The limited context inherent in LLMs prevents direct analysis of large data volumes. Augmenting them with access to powerful tools, like databases, and query engines, and scalable data processing frameworks, overcomes this constraint.

Talk to your pipeline: how to use AI to create dynamic transforms in streaming

by Israel Herraiz

With some design, you can leverage Beam ML to make a LLM transform your questions into dynamic transformations that you can apply to your data. In this talk, we show how to use Gemma to accept natural language questions about your data, and offer an answer in real time applied to the main stream of data

The ASF Data Ecosystem Bridging the Data Stream With Apache Beam

by JB Onofre

During this keynote, JB will provide an overview of the projects in the Apache Software Foundation forming a complete data ecosystem: from storage to analytic, including query engines and table format, Apache projects are the building blocks of the data ecosystem.
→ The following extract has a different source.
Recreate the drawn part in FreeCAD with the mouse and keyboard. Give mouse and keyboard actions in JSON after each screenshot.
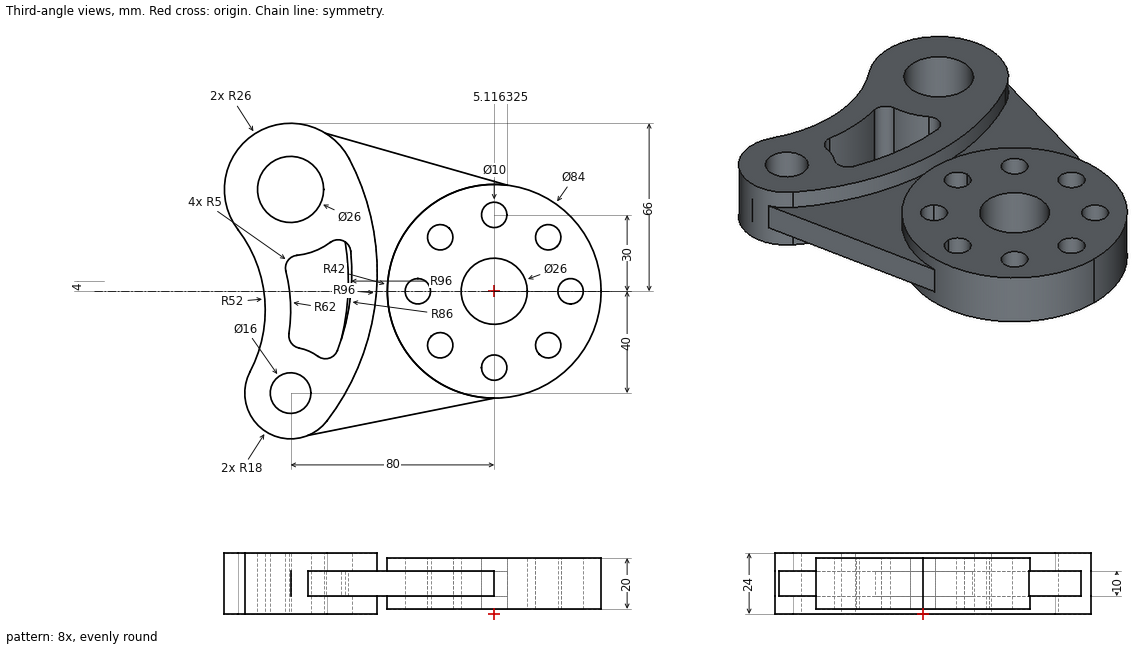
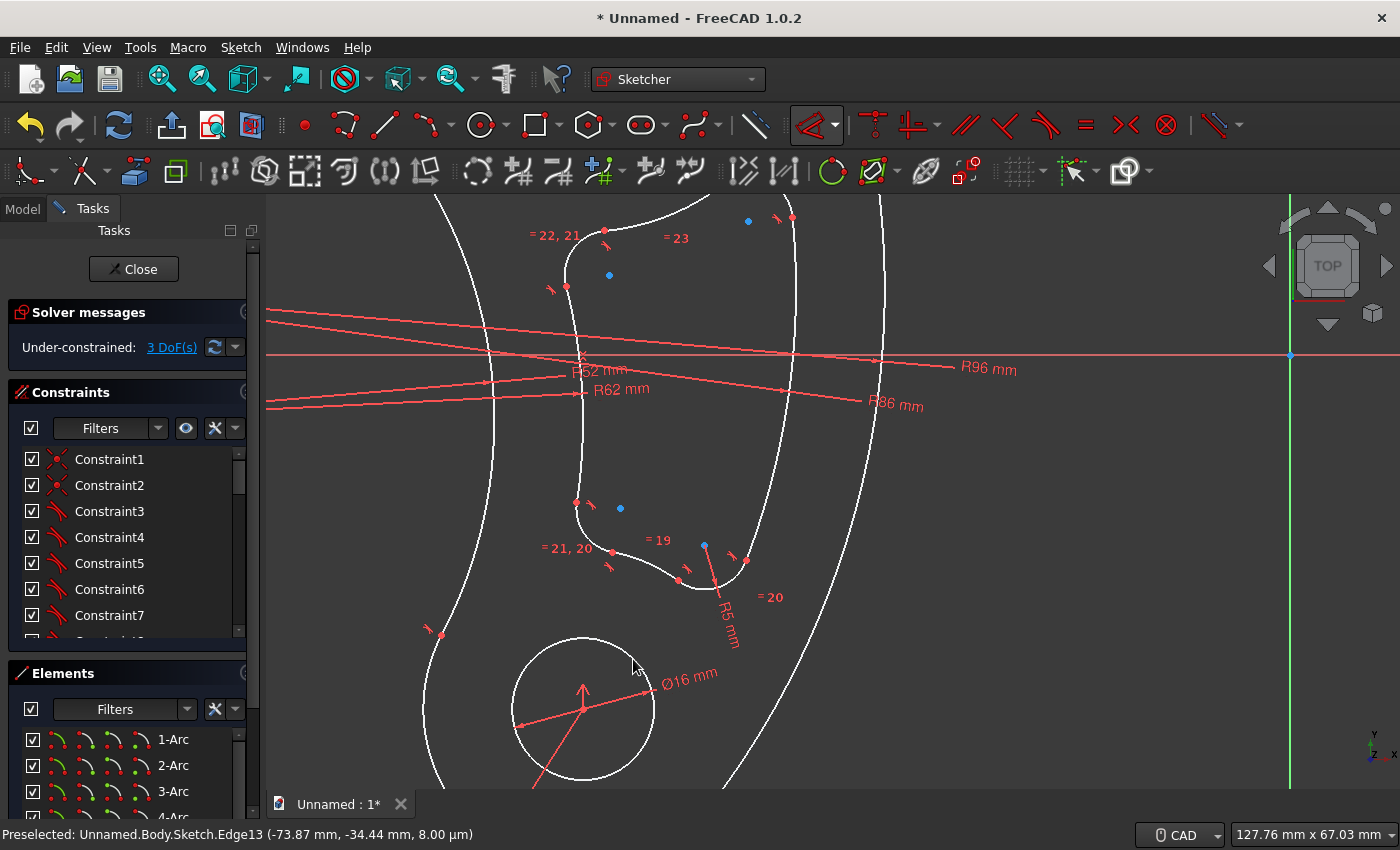
{"action": "scroll", "coordinate": [718, 588], "scroll_direction": "down", "scroll_amount": 5}

We will see the role played by Apache Beam in this ecosystem and how vendors like Dremio are powered by these projects.

Using Apache Beam to power and scale a data engineering transformation at a Financial Exchange

by Conall Bennett

At CME Group we are going through a multi-year transformation to run the world’s leading derivatives exchange on Google’s cloud platform.

This talk will focus on how we have been using dataflow & apache beam as a core technology service to enable & transform how distributed data engineering teams across different business areas collaborate, build and deliver data products for internal stakeholders and customers, at scale and with a much faster time to market.